__WHAT THIS TASK INVOLVES__. Below are records that hold pictures; write out only the lines from their start through the line with "list List<NameValuePair> params", exactly, and drop the pictures.

[Stored records]
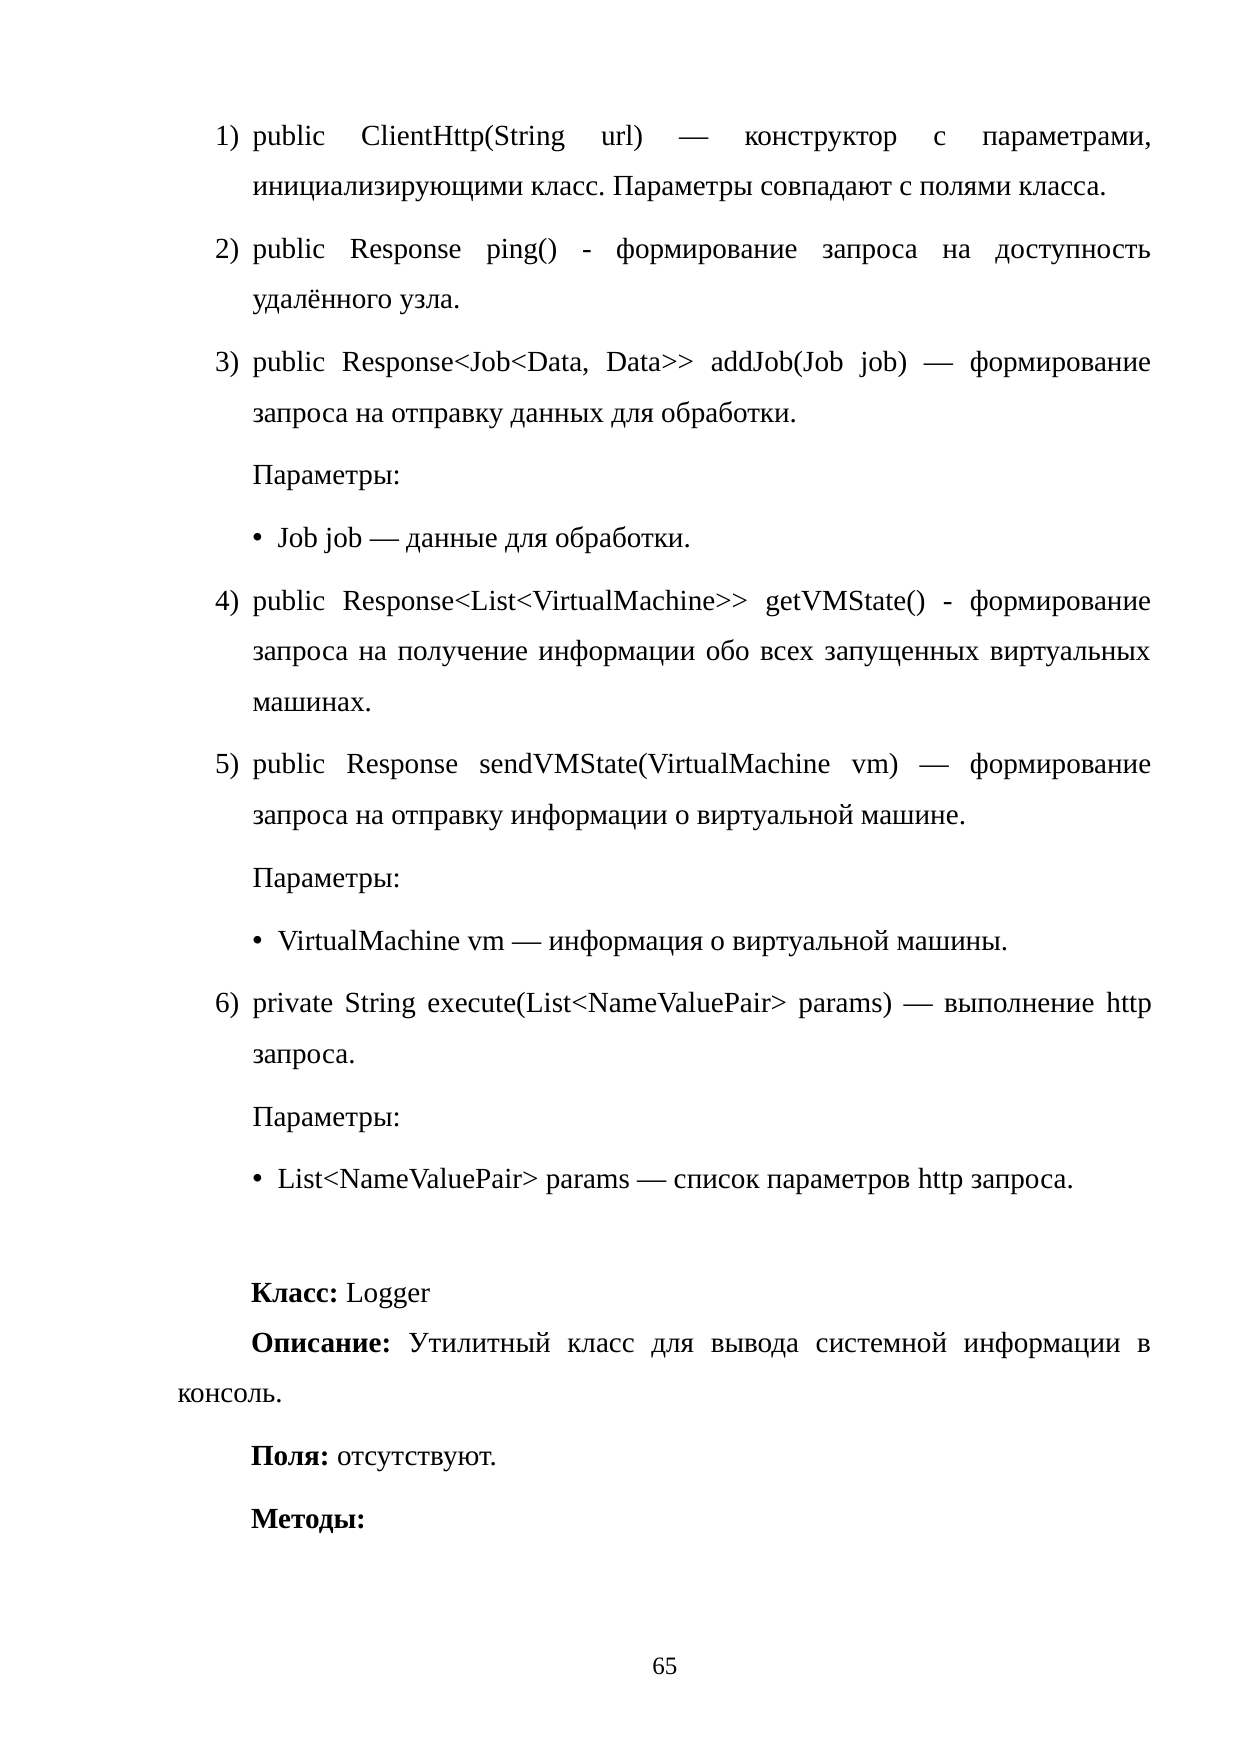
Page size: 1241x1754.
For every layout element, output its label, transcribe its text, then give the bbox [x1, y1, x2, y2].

text Класс: Logger [177, 1275, 1152, 1308]
text Методы: [177, 1501, 1152, 1534]
list List<NameValuePair> params — список параметров http запроса. [252, 1161, 1152, 1195]
list public Response<List<VirtualMachine>> getVMState() - формирование запроса на получение информации обо всех запущенных виртуальных машинах. [215, 583, 1152, 717]
list public ClientHttp(String url) — конструктор с параметрами, инициализирующими класс. Параметры совпадают с полями класса. [215, 118, 1152, 202]
list Параметры: [215, 1099, 1152, 1132]
list public Response<Job<Data, Data>> addJob(Job job) — формирование запроса на отправку данных для обработки. [215, 344, 1152, 428]
list Параметры: [215, 860, 1152, 893]
list private String execute(List<NameValuePair> params) — выполнение http запроса. [215, 986, 1152, 1069]
list Параметры: [215, 457, 1152, 491]
list Job job — данные для обработки. [252, 520, 1152, 554]
text Поля: отсутствуют. [177, 1438, 1152, 1472]
list public Response sendVMState(VirtualMachine vm) — формирование запроса на отправку информации о виртуальной машине. [215, 747, 1152, 831]
list public Response ping() - формирование запроса на доступность удалённого узла. [215, 231, 1152, 315]
list VirtualMachine vm — информация о виртуальной машины. [252, 923, 1152, 956]
text Описание: Утилитный класс для вывода системной информации в консоль. [177, 1325, 1152, 1409]
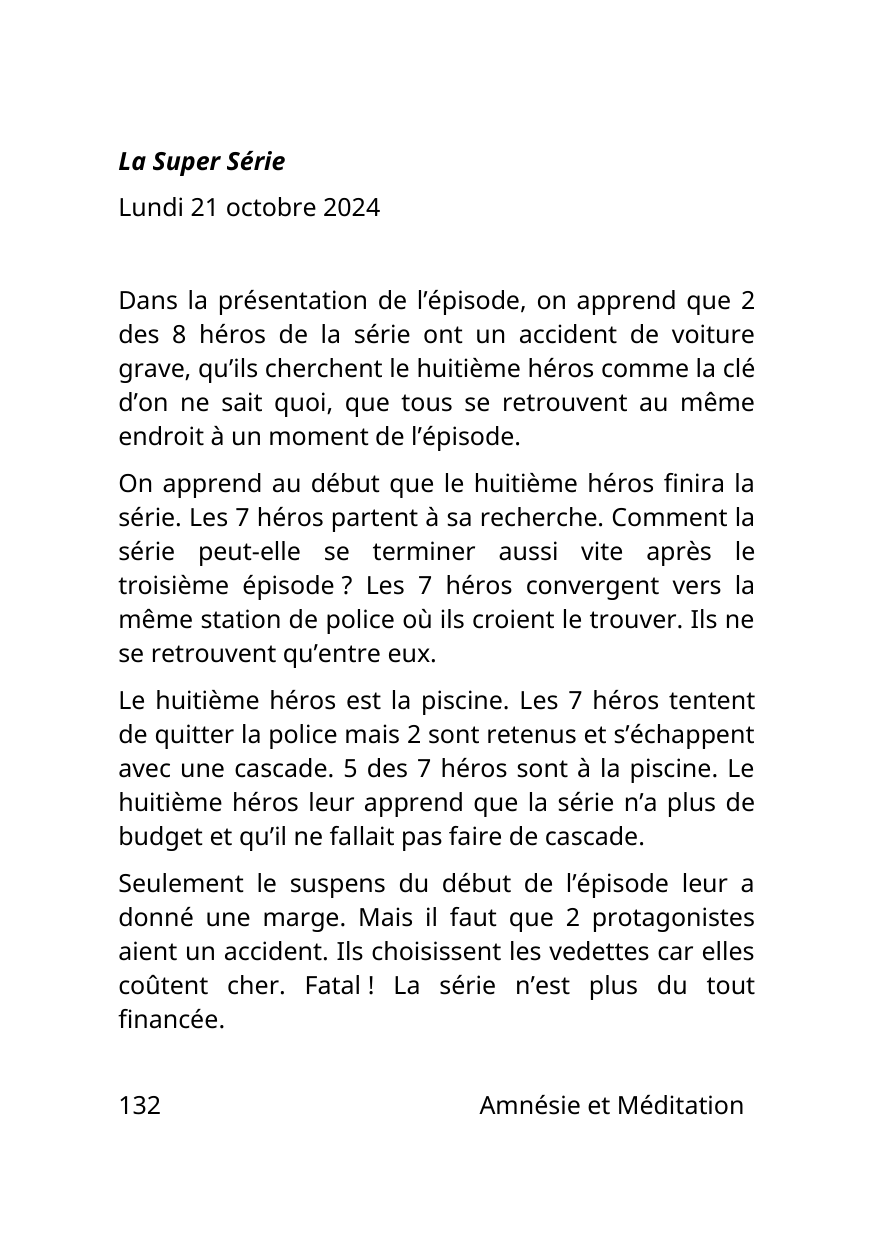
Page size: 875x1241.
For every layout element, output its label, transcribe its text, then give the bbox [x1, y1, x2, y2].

subtitle La Super Série [118, 143, 756, 177]
text Dans la présentation de l’épisode, on apprend que 2 des 8 héros de la série ont un accident de voiture grave, qu’ils cherchent le huitième héros comme la clé d’on ne sait quoi, que tous se retrouvent au même endroit à un moment de l’épisode. [118, 283, 756, 453]
text On apprend au début que le huitième héros finira la série. Les 7 héros partent à sa recherche. Comment la série peut-elle se terminer aussi vite après le troisième épisode ? Les 7 héros convergent vers la même station de police où ils croient le trouver. Ils ne se retrouvent qu’entre eux. [118, 466, 756, 670]
text Lundi 21 octobre 2024 [118, 190, 756, 224]
text Seulement le suspens du début de l’épisode leur a donné une marge. Mais il faut que 2 protagonistes aient un accident. Ils choisissent les vedettes car elles coûtent cher. Fatal ! La série n’est plus du tout financée. [118, 865, 756, 1036]
text Le huitième héros est la piscine. Les 7 héros tentent de quitter la police mais 2 sont retenus et s’échappent avec une cascade. 5 des 7 héros sont à la piscine. Le huitième héros leur apprend que la série n’a plus de budget et qu’il ne fallait pas faire de cascade. [118, 682, 756, 853]
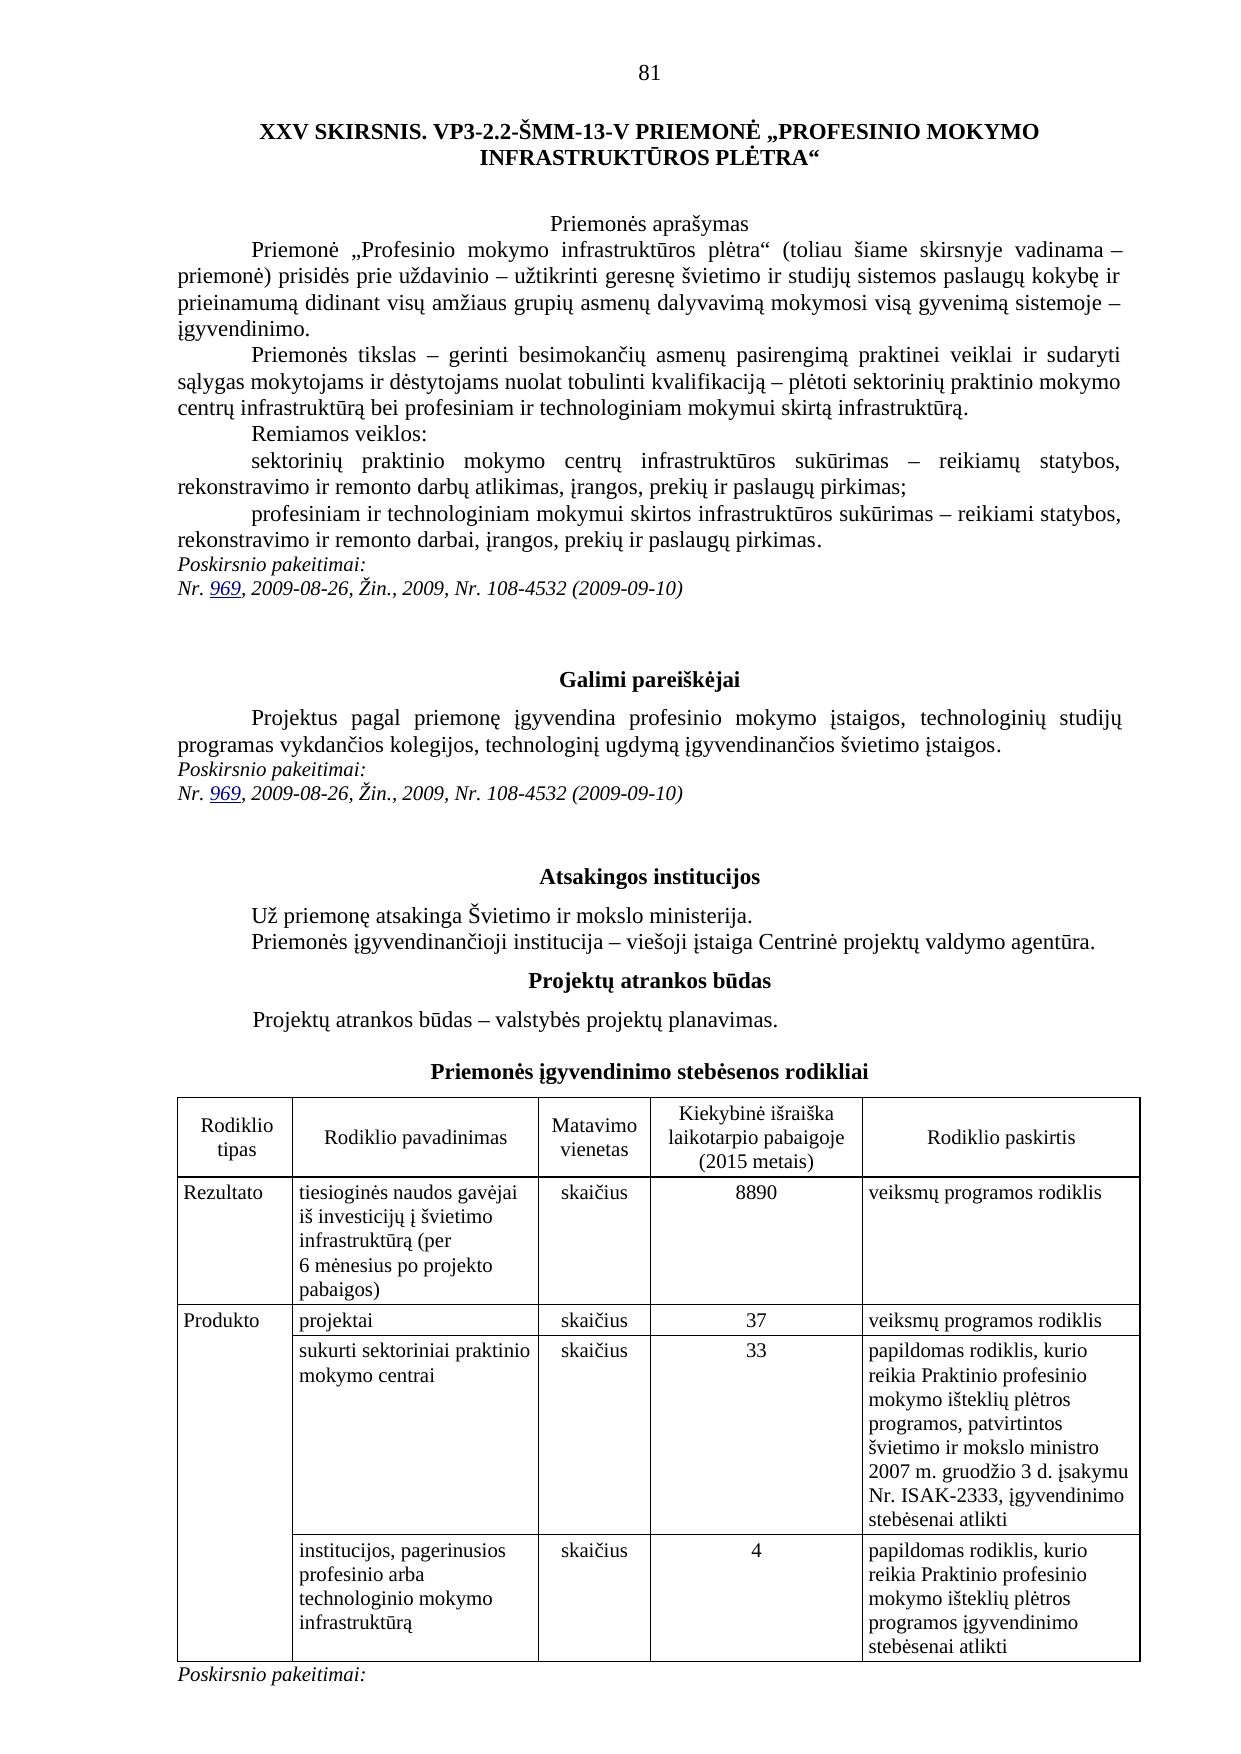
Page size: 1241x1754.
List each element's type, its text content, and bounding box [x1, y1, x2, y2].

table_cell skaičius [539, 1336, 650, 1534]
text Nr. 969, 2009-08-26, Žin., 2009, Nr. 108-4532 (2009-09-10) [177, 576, 1122, 600]
text Poskirsnio pakeitimai: [177, 552, 1122, 576]
table_cell skaičius [539, 1305, 650, 1334]
table_header Rodiklio pavadinimas [293, 1098, 538, 1176]
text Galimi pareiškėjai [177, 666, 1122, 692]
text Atsakingos institucijos [177, 863, 1122, 889]
table_header Rodiklio tipas [178, 1098, 292, 1176]
text XXV SKIRSNIS. VP3-2.2-ŠMM-13-V PRIEMONĖ „PROFESINIO MOKYMO INFRASTRUKTŪROS PLĖTRA“ [177, 118, 1122, 171]
table_cell papildomas rodiklis, kurio reikia Praktinio profesinio mokymo išteklių plėtros programos, patvirtintos švietimo ir mokslo ministro 2007 m. gruodžio 3 d. įsakymu Nr. ISAK-2333, įgyvendinimo stebėsenai atlikti [863, 1336, 1139, 1534]
text Priemonės aprašymas [177, 210, 1122, 236]
table_cell veiksmų programos rodiklis [863, 1305, 1139, 1334]
text Priemonės tikslas – gerinti besimokančių asmenų pasirengimą praktinei veiklai ir sudaryti sąlygas mokytojams ir dėstytojams nuolat tobulinti kvalifikaciją – plėtoti sektorinių praktinio mokymo centrų infrastruktūrą bei profesiniam ir technologiniam mokymui skirtą infrastruktūrą. [177, 341, 1122, 421]
text Priemonės įgyvendinimo stebėsenos rodikliai [177, 1058, 1122, 1085]
table_header Rodiklio paskirtis [863, 1098, 1139, 1176]
text Už priemonę atsakinga Švietimo ir mokslo ministerija. [177, 902, 1122, 928]
table_cell veiksmų programos rodiklis [863, 1178, 1139, 1303]
table_cell 37 [651, 1305, 862, 1334]
text Projektus pagal priemonę įgyvendina profesinio mokymo įstaigos, technologinių studijų programas vykdančios kolegijos, technologinį ugdymą įgyvendinančios švietimo įstaigos. [177, 704, 1122, 757]
table_cell skaičius [539, 1178, 650, 1303]
table_cell Rezultato [178, 1178, 292, 1303]
table_cell 4 [651, 1535, 862, 1661]
text Poskirsnio pakeitimai: [177, 757, 1122, 781]
table_cell sukurti sektoriniai praktinio mokymo centrai [293, 1336, 538, 1534]
table_cell Produkto [178, 1305, 292, 1661]
text Poskirsnio pakeitimai: [177, 1662, 1122, 1686]
table_cell 33 [651, 1336, 862, 1534]
text Priemonės įgyvendinančioji institucija – viešoji įstaiga Centrinė projektų valdymo agentūra. [177, 928, 1122, 954]
text Remiamos veiklos: [177, 421, 1122, 447]
text Nr. 969, 2009-08-26, Žin., 2009, Nr. 108-4532 (2009-09-10) [177, 781, 1122, 805]
table_cell papildomas rodiklis, kurio reikia Praktinio profesinio mokymo išteklių plėtros programos įgyvendinimo stebėsenai atlikti [863, 1535, 1139, 1661]
table_cell skaičius [539, 1535, 650, 1661]
table_header Kiekybinė išraiška laikotarpio pabaigoje (2015 metais) [651, 1098, 862, 1176]
text profesiniam ir technologiniam mokymui skirtos infrastruktūros sukūrimas – reikiami statybos, rekonstravimo ir remonto darbai, įrangos, prekių ir paslaugų pirkimas. [177, 499, 1122, 552]
table_header Matavimo vienetas [539, 1098, 650, 1176]
table_cell tiesioginės naudos gavėjai iš investicijų į švietimo infrastruktūrą (per 6 mėnesius po projekto pabaigos) [293, 1178, 538, 1303]
text sektorinių praktinio mokymo centrų infrastruktūros sukūrimas – reikiamų statybos, rekonstravimo ir remonto darbų atlikimas, įrangos, prekių ir paslaugų pirkimas; [177, 447, 1122, 499]
text Priemonė „Profesinio mokymo infrastruktūros plėtra“ (toliau šiame skirsnyje vadinama – priemonė) prisidės prie uždavinio – užtikrinti geresnę švietimo ir studijų sistemos paslaugų kokybę ir prieinamumą didinant visų amžiaus grupių asmenų dalyvavimą mokymosi visą gyvenimą sistemoje – įgyvendinimo. [177, 236, 1122, 341]
text Projektų atrankos būdas [177, 967, 1122, 993]
table_cell projektai [293, 1305, 538, 1334]
text Projektų atrankos būdas – valstybės projektų planavimas. [215, 1006, 1122, 1032]
table_cell institucijos, pagerinusios profesinio arba technologinio mokymo infrastruktūrą [293, 1535, 538, 1661]
table_cell 8890 [651, 1178, 862, 1303]

__RESPONSE TO THIS EXERCISE__.
Page size: 1241x1754.
For every layout element, output its label, transcribe its text, then give the bbox [x1, y1, x2, y2].

text Класс: Logger [177, 1275, 1152, 1308]
text Методы: [177, 1501, 1152, 1534]
list List<NameValuePair> params — список параметров http запроса. [252, 1161, 1152, 1195]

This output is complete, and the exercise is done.